Washington, D.C. – The Arc is closely watching the horror unfold in Ukraine and thinking of the millions of adults and children with disabilities who are in harm’s way. It’s estimated that 2.7 million people with disabilities live in Ukraine, including thousands living in institutions. According to news reports, a care facility for people with disabilities was bombed, leaving residents without heat, water, and electricity. We know that food shortages are happening and many people with disabilities are cut off from medications and support services.
According to AccessAbility, 82,000 Ukranian children with disabilities are segregated in institutions and are at risk of abandonment. And the organization says only 4% of Ukraine’s infrastructure is accessible to people with disabilities. Ukraine is using underground subways as bomb shelters. However, according to Accessibility, “the vast inaccessibility of the country’s infrastructure means disabled people are not being give safety in their bomb shelters.”
We support Disability Rights International (DRI) in their calls for urgent action to protect people with disabilities and children in Ukraine’s orphanages. We fully back DRI in urging immediate attention to “protect people with disabilities in Ukraine and ensure their full inclusion in international relief efforts.”
We share DRI’s concern for adults with disabilities living in institutions in Ukraine. We fear they could be left behind as people in Ukraine escape the violence. We also fear that people with disabilities will be abandoned in all the chaos.

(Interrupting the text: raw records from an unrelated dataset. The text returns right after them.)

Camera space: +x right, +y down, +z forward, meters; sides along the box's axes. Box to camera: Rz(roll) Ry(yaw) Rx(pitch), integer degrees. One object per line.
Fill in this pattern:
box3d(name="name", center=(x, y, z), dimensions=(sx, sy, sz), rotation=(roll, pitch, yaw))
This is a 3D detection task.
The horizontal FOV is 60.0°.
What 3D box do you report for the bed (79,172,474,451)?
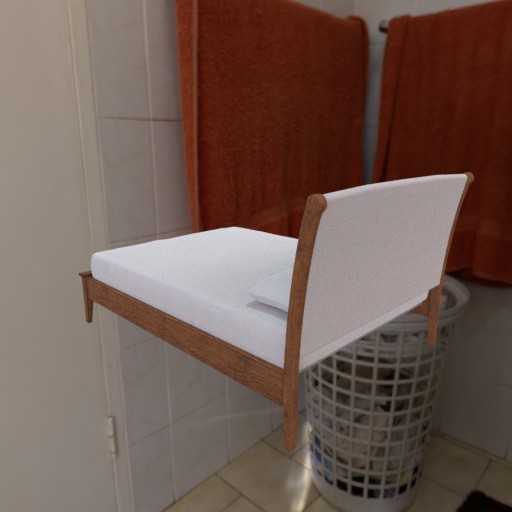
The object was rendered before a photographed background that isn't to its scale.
box3d(name="bed", center=(0.000, 0.000, 2.922), dimensions=(1.502, 1.135, 2.108), rotation=(-15, 21, -43))
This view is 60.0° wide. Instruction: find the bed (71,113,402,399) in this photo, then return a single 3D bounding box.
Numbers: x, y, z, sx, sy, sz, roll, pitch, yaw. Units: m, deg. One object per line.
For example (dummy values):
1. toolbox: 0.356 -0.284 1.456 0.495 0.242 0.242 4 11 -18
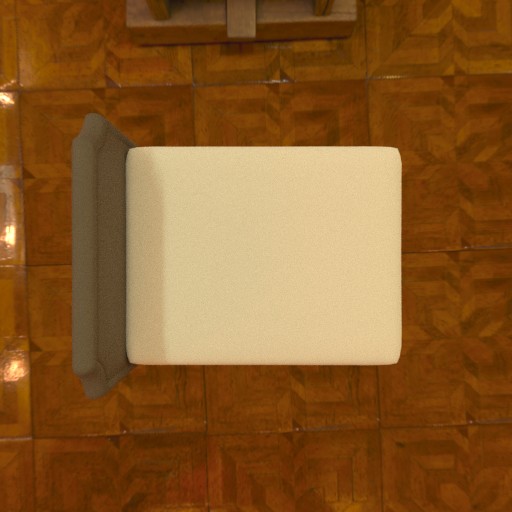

The Arc also supports the calls of The European Disability Forum (EDF). EDF is calling for the protection and safety of people with disabilities in Ukraine by respecting:
- Their obligations under the United Nations Convention on the Rights of Persons with Disabilities
- The U.N. Security Council Resolution 2475 on Protection of Persons with Disabilities in Conflict
- International Humanitarian Law and the Humanitarian Principles
“Hour by hour, Ukrainians are fighting to survive, and for those with disabilities and their families, there are far too few options to ensure their health and safety in this attack. Their rights must be honored in the crisis response, in immigration policy and procedures, and in the days and weeks ahead as this nation fights for its future,” said Peter Berns, CEO, The Arc.
The Arc has a longstanding commitment to the human and civil rights of people with intellectual and developmental disabilities (IDD). Given that all people with IDD are complex human beings with varying attributes and living circumstances, and many experience multiple risk factors for human and civil rights violations, we emphasize that all are entitled to human and civil rights regardless of age, gender, race/ethnicity, sexual orientation, cultural, linguistic, geographic, and spiritual diversity, economic status, severity of disability, intensity of needed supports, or other factors that expose them to increased risk of rights violations.
These rights include the rights to autonomy, dignity, family, justice, life, liberty, equality, self-determination, community participation, property, health, well-being, access to voting, and equality of opportunity and others recognized by law or international declarations, conventions, or standards. All people with IDD must have the right to supports they need to exercise and ensure their human and civil rights. Local, state, federal, and international governments must strongly enforce all human and civil rights.
With your support, The Arc is responding to the crisis in Europe caused by the Russian invasion of Ukraine. Give today, and The Arc will grant 100% of the resources to organizations supporting people with intellectual and developmental disabilities on the ground in Europe who were affected by the war.
The invasion of Ukraine also reminds us that we, as a society, need to increase our awareness of the unrest and conflict tearing apart lives in many countries across the globe. While much of the media and our attention is focused on the people of Ukraine right now, let us also remember the vast numbers of lives lost and threatened daily on an international scale. In all of these regions, we support the human and civil rights of people with disabilities and call for careful consideration of their safety and access to escape war and violence.